By now I was glad I had not posted anything to any user forums describing my problem and asking for help. There was something about the monitoring interface configurations in both SO and RockNSM that resulted in the inability to see both sides of traffic (and avoid weird doubles and triples).
I started my SO VM again and looked at the script that configured the interfaces. I commented out all the entries below the management interface as shown below.$ cat /etc/network/interfaces
# This configuration was created by the Security Onion setup script.## The original network interface configuration file was backed up to:# /etc/network/interfaces.bak.## This file describes the network interfaces available on your system# and how to activate them. For more information, see interfaces(5).
# loopback network interfaceauto loiface lo inet loopback
# Management network interfaceauto enp0s3iface enp0s3 inet static address 192.168.40.76 gateway 192.168.40.1 netmask 255.255.255.0 dns-nameservers 192.168.40.1 dns-domain localdomain
#auto enp0s8#iface enp0s8 inet manual# up ip link set $IFACE promisc on arp off up# down ip link set $IFACE promisc off down# post-up ethtool -G $IFACE rx 4096; for i in rx tx sg tso ufo gso gro lro; do ethtool -K $IFACE $i off; done# post-up echo 1 > /proc/sys/net/ipv6/conf/$IFACE/disable_ipv6
#auto enp0s9#iface enp0s9 inet manual# up ip link set $IFACE promisc on arp off up# down ip link set $IFACE promisc off down# post-up ethtool -G $IFACE rx 4096; for i in rx tx sg tso ufo gso gro lro; do ethtool -K $IFACE $i off; done# post-up echo 1 > /proc/sys/net/ipv6/conf/$IFACE/disable_ipv6
I rebooted the system and brought the enp0s8 interface up manually using this command:
$ sudo ip link set enp0s8 promisc on arp off up
Fingers crossed, I ran my ICMP sniffing tests, and voila, I saw what I needed -- traffic in both directions, without doubles or triples no less.

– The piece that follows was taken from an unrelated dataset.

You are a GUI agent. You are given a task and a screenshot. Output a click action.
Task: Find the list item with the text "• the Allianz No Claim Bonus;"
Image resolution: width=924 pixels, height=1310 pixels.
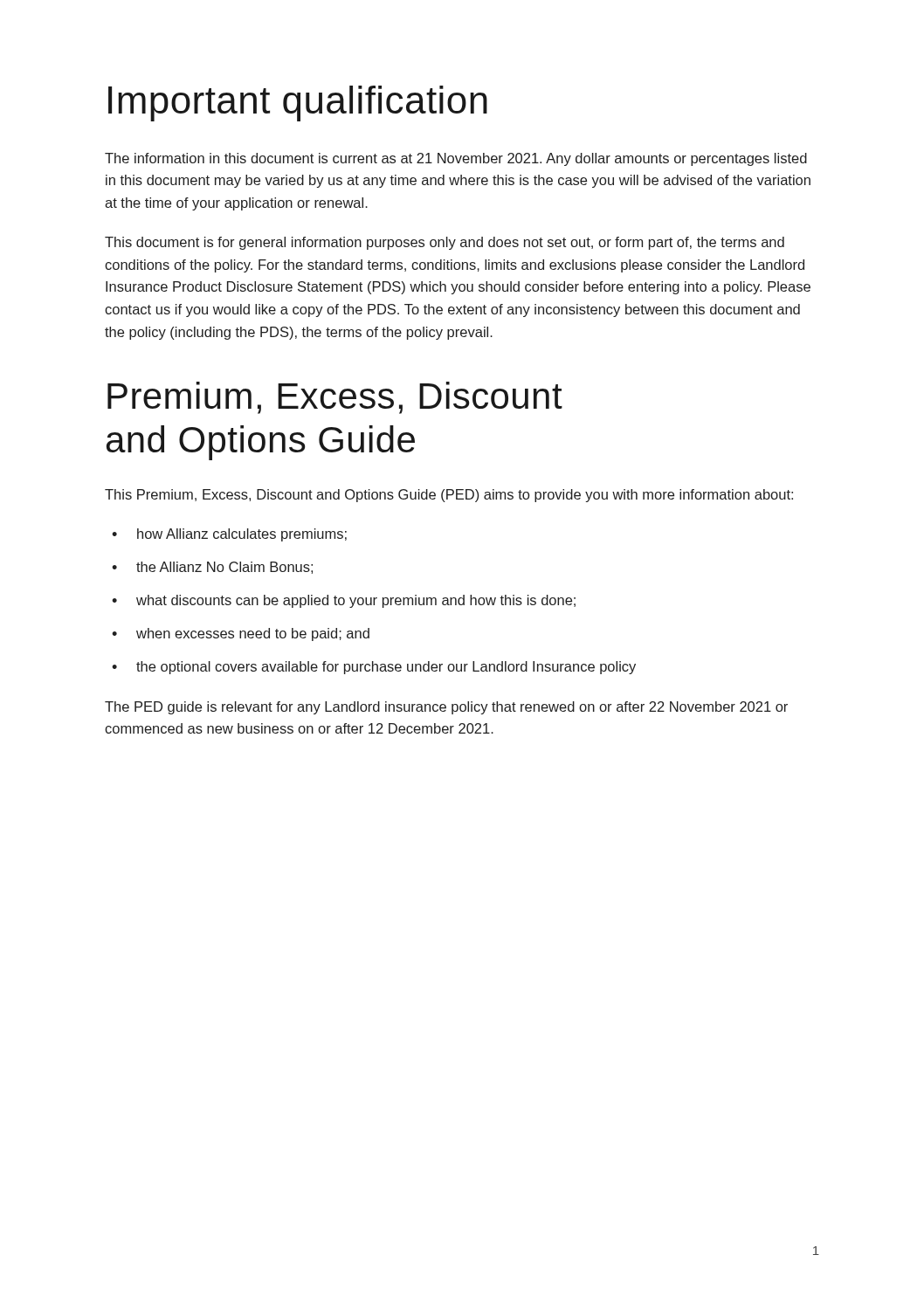click(212, 568)
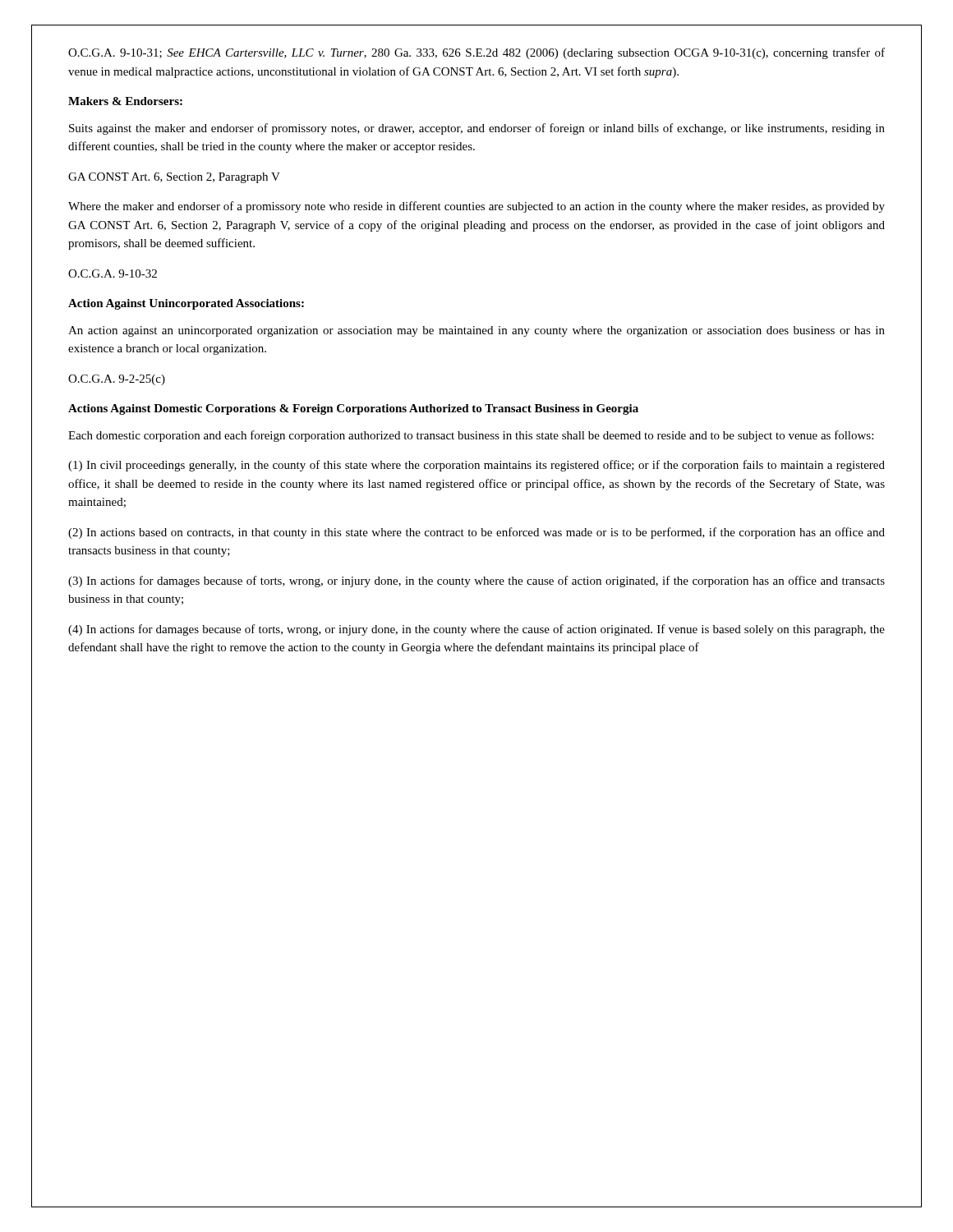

So, there appears to be some sort of problem with the way SO and RockNSM set parameters for their monitoring interfaces, at least as far as they interact with VirtualBox 6.0.4 on Ubuntu 18.04. You can see in the network script that SO disables a bunch of NIC options. I imagine one or more of them is the culprit, but I didn't have time to work through them individually.
I tried taking a look at the network script in RockNSM, but it runs CentOS, and I'll be darned if I can't figure out where to look. I'm sure it's there somewhere, but I didn't have the time to figure out where.
The moral of the story is that I should have immediately checked after installation that both SO and RockNSM were seeing both sides of the traffic I expected them to see. I had taken that for granted for many previous deployments, but something broke recently and I don't know exactly what. My workaround will hopefully hold for now, but I need to take a closer look at the NIC options because I may have introduced another fault.
A second moral is to be careful of changing two or more variables when troubleshooting. When you do that you might fix a problem, but not know what change fixed the issue.